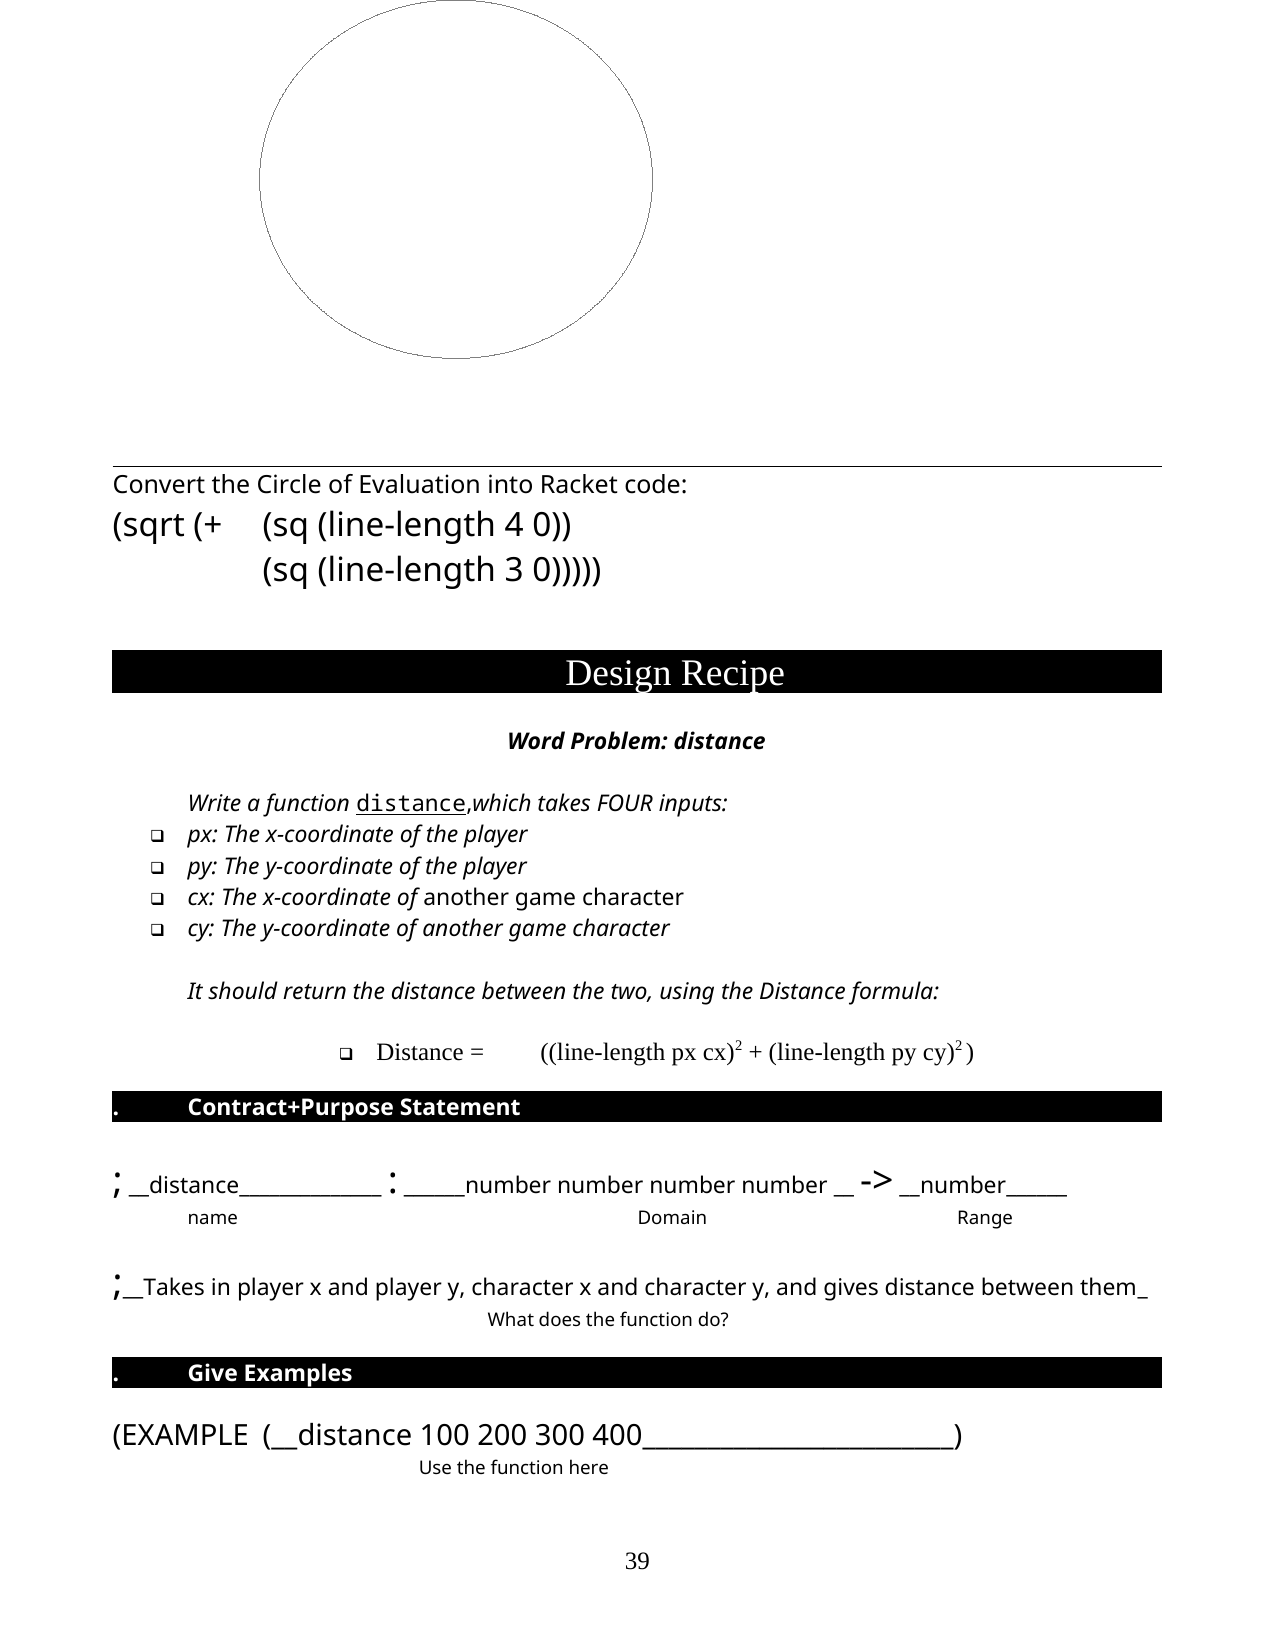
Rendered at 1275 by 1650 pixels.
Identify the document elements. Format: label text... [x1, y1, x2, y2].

subtitle Design Recipe [112, 650, 1162, 693]
text name Domain Range [112, 1204, 1162, 1230]
list py: The y-coordinate of the player [150, 850, 1162, 881]
list Write a function distance,which takes FOUR inputs: [150, 787, 1162, 818]
list px: The x-coordinate of the player [150, 818, 1162, 850]
subtitle Contract+Purpose Statement [112, 1091, 1162, 1122]
text (EXAMPLE (__distance 100 200 300 400________________________) [112, 1414, 1162, 1454]
text Convert the Circle of Evaluation into Racket code: [112, 467, 1162, 500]
text (sq (line-length 3 0))))) [112, 546, 1162, 591]
text ; __distance______________ : ______number number number number __ -> __number______ [112, 1153, 1162, 1204]
list cy: The y-coordinate of another game character [150, 912, 1162, 943]
text ;__Takes in player x and player y, character x and character y, and gives distance between them_ [112, 1256, 1162, 1307]
text Word Problem: distance [112, 725, 1162, 756]
list It should return the distance between the two, using the Distance formula: [150, 975, 1162, 1037]
text What does the function do? [112, 1307, 1162, 1332]
text (sqrt (+ (sq (line-length 4 0)) [112, 500, 1162, 546]
text Use the function here [337, 1454, 1162, 1479]
subtitle Give Examples [112, 1357, 1162, 1388]
list Distance = ((line-length px cx)2 + (line-length py cy)2 ) [150, 1037, 1162, 1066]
list cx: The x-coordinate of another game character [150, 881, 1162, 912]
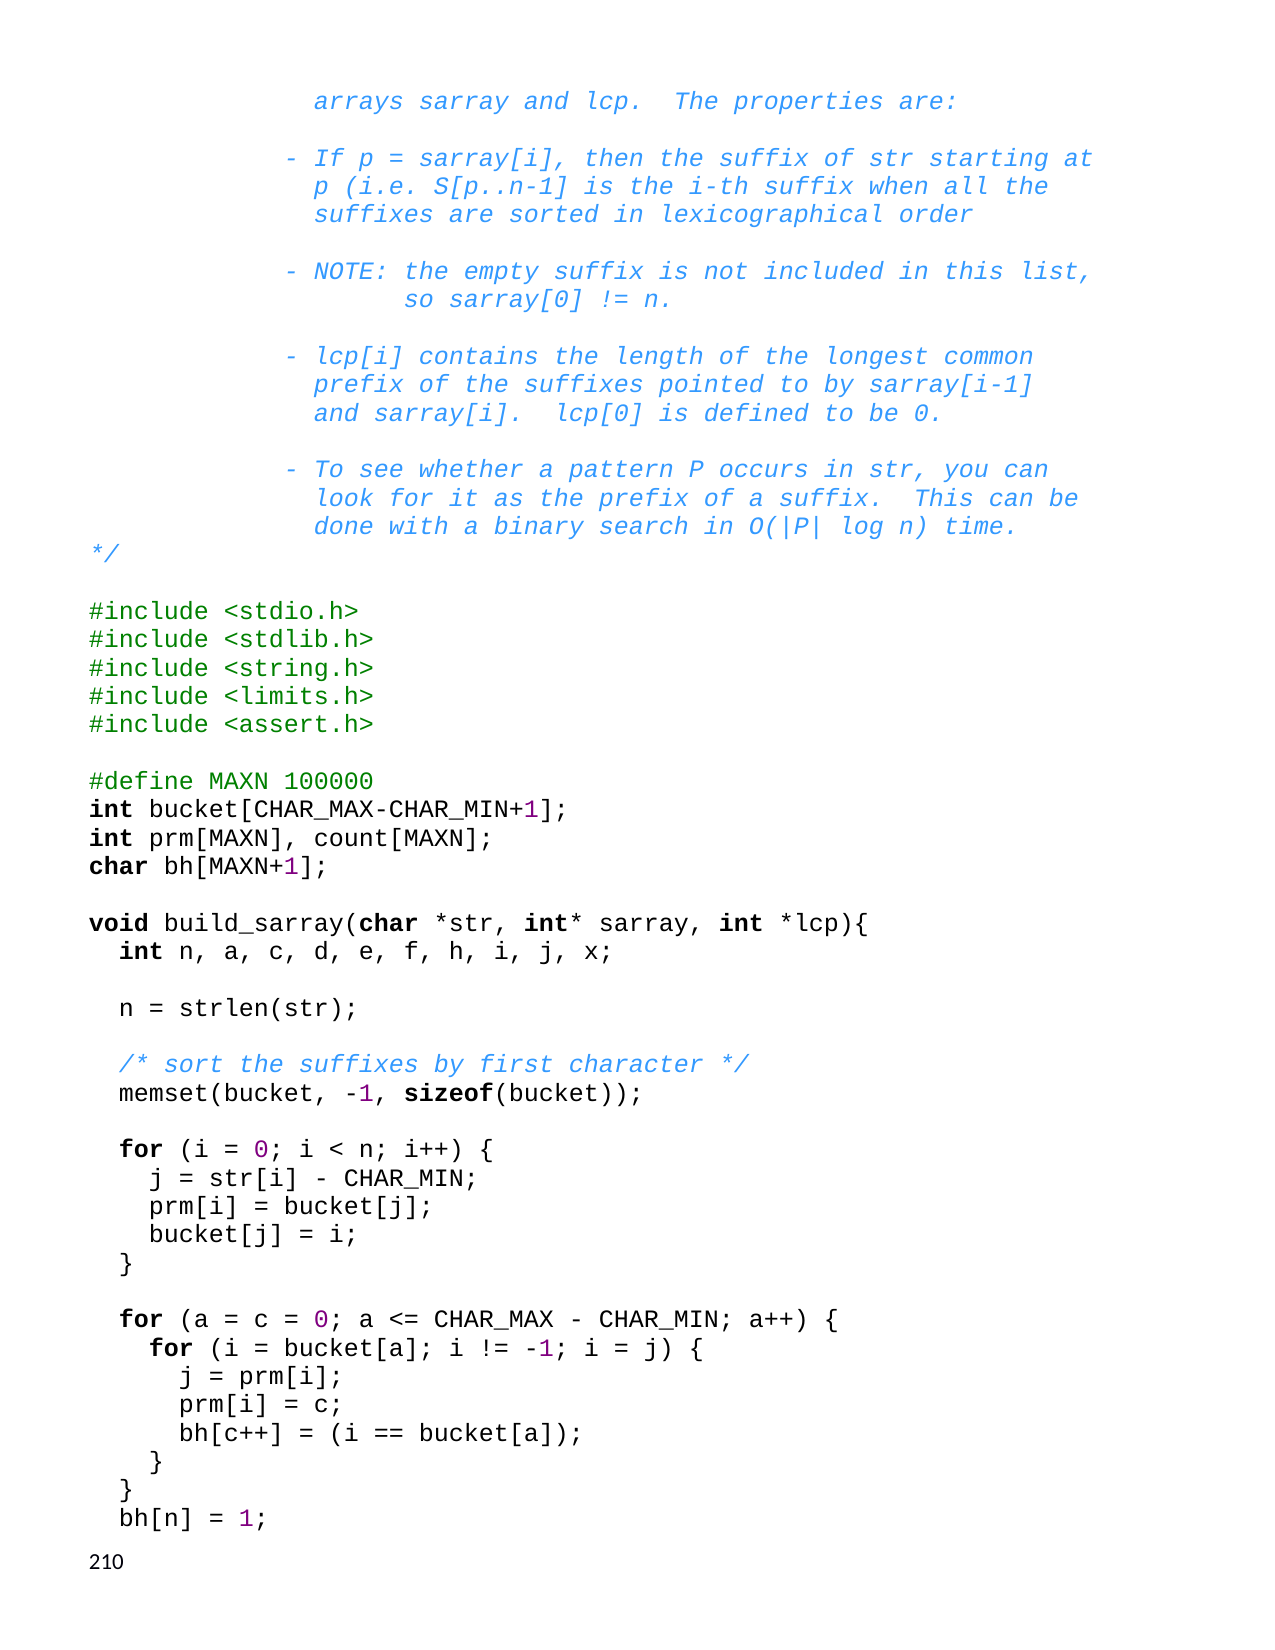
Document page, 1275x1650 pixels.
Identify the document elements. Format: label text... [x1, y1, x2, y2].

text for (a = c = 0; a <= CHAR_MAX - CHAR_MIN; a++) { [89, 1307, 1186, 1335]
text bucket[j] = i; [89, 1222, 1186, 1250]
text #include <string.h> [89, 655, 1186, 684]
text char bh[MAXN+1]; [89, 854, 1186, 882]
text #include <limits.h> [89, 684, 1186, 712]
text int prm[MAXN], count[MAXN]; [89, 825, 1186, 854]
text - NOTE: the empty suffix is not included in this list, [89, 259, 1186, 287]
text - lcp[i] contains the length of the longest common [89, 344, 1186, 372]
text } [89, 1250, 1186, 1279]
text j = str[i] - CHAR_MIN; [89, 1165, 1186, 1194]
text #include <stdio.h> [89, 599, 1186, 627]
text look for it as the prefix of a suffix. This can be [89, 485, 1186, 514]
text prm[i] = bucket[j]; [89, 1194, 1186, 1222]
text prm[i] = c; [89, 1392, 1186, 1420]
text #include <assert.h> [89, 712, 1186, 740]
text j = prm[i]; [89, 1364, 1186, 1392]
text n = strlen(str); [89, 995, 1186, 1024]
text so sarray[0] != n. [89, 287, 1186, 315]
text memset(bucket, -1, sizeof(bucket)); [89, 1080, 1186, 1109]
text done with a binary search in O(|P| log n) time. [89, 514, 1186, 542]
text for (i = bucket[a]; i != -1; i = j) { [89, 1335, 1186, 1364]
text #include <stdlib.h> [89, 627, 1186, 655]
text bh[c++] = (i == bucket[a]); [89, 1420, 1186, 1449]
text p (i.e. S[p..n-1] is the i-th suffix when all the [89, 174, 1186, 202]
text void build_sarray(char *str, int* sarray, int *lcp){ [89, 910, 1186, 939]
text arrays sarray and lcp. The properties are: [89, 89, 1186, 117]
text suffixes are sorted in lexicographical order [89, 202, 1186, 230]
text #define MAXN 100000 [89, 769, 1186, 797]
text int n, a, c, d, e, f, h, i, j, x; [89, 939, 1186, 967]
text - To see whether a pattern P occurs in str, you can [89, 457, 1186, 485]
text } [89, 1449, 1186, 1477]
text */ [89, 542, 1186, 570]
text /* sort the suffixes by first character */ [89, 1052, 1186, 1080]
text int bucket[CHAR_MAX-CHAR_MIN+1]; [89, 797, 1186, 825]
text - If p = sarray[i], then the suffix of str starting at [89, 145, 1186, 174]
text } [89, 1477, 1186, 1505]
text and sarray[i]. lcp[0] is defined to be 0. [89, 400, 1186, 429]
text prefix of the suffixes pointed to by sarray[i-1] [89, 372, 1186, 400]
text bh[n] = 1; [89, 1505, 1186, 1534]
text for (i = 0; i < n; i++) { [89, 1137, 1186, 1165]

◇ ◇ ◇

Copy out every line from the data above in which the word "subtitle" occurs.

subtitle Design Recipe [112, 650, 1162, 693]
subtitle Contract+Purpose Statement [112, 1091, 1162, 1122]
subtitle Give Examples [112, 1357, 1162, 1388]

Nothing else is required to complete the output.